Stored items
----------

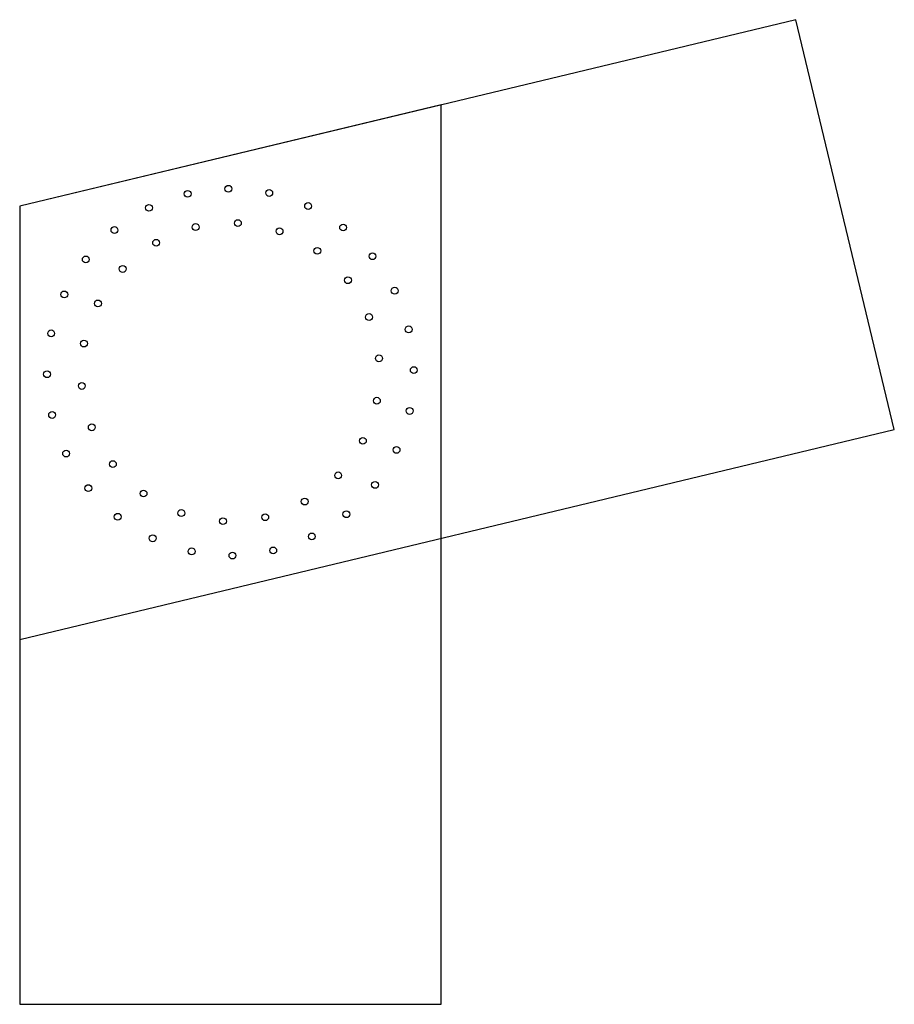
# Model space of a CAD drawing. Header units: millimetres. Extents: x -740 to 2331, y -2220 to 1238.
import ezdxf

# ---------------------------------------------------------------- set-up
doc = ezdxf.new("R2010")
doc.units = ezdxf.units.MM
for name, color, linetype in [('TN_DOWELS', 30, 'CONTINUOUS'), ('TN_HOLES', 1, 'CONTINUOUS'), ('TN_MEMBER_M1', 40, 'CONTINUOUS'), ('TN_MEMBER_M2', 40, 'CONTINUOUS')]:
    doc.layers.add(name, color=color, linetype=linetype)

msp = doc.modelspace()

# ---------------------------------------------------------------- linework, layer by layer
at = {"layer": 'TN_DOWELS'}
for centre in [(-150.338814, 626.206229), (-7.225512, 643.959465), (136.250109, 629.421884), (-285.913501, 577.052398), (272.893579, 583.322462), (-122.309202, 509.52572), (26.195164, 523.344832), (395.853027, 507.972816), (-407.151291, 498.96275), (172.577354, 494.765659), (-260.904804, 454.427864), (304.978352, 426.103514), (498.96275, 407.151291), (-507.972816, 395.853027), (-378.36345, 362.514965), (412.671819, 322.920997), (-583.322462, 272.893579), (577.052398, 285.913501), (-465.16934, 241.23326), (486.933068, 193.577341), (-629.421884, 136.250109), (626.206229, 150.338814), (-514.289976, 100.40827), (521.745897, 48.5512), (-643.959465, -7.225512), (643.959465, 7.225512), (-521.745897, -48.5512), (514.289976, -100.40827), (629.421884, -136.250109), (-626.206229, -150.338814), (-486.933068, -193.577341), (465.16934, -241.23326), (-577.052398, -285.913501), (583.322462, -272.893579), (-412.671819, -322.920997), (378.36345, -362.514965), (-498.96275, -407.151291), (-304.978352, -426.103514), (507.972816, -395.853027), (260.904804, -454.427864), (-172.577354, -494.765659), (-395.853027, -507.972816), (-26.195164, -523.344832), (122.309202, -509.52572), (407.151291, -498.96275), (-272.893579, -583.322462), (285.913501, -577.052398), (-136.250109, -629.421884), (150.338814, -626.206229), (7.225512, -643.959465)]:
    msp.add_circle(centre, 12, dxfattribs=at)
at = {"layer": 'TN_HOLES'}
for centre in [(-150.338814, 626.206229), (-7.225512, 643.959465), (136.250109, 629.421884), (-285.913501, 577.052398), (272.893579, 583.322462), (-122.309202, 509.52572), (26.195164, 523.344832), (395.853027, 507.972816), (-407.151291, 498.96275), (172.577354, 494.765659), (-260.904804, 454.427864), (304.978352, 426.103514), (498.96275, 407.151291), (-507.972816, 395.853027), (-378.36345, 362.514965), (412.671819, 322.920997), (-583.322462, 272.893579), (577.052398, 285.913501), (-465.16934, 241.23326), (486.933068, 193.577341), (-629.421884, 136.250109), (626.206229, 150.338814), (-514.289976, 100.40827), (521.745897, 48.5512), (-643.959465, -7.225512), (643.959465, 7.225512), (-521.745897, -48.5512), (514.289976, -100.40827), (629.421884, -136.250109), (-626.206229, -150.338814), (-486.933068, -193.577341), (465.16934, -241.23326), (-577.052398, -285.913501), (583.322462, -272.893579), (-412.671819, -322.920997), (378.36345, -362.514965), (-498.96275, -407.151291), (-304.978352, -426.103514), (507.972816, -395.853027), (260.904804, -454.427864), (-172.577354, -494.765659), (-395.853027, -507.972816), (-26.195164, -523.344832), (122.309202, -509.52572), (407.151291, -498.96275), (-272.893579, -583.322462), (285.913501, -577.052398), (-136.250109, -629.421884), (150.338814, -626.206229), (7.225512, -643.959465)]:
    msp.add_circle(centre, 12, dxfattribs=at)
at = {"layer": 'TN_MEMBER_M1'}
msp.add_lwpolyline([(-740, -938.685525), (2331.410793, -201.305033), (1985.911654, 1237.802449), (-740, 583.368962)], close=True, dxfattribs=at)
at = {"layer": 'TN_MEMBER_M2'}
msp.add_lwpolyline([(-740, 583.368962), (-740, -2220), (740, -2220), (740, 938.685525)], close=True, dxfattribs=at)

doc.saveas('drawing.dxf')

----------

● Task statement
Write out every line of the data that holds the word "ezdxf".

● The completed task
import ezdxf
doc = ezdxf.new("R2010")
doc.units = ezdxf.units.MM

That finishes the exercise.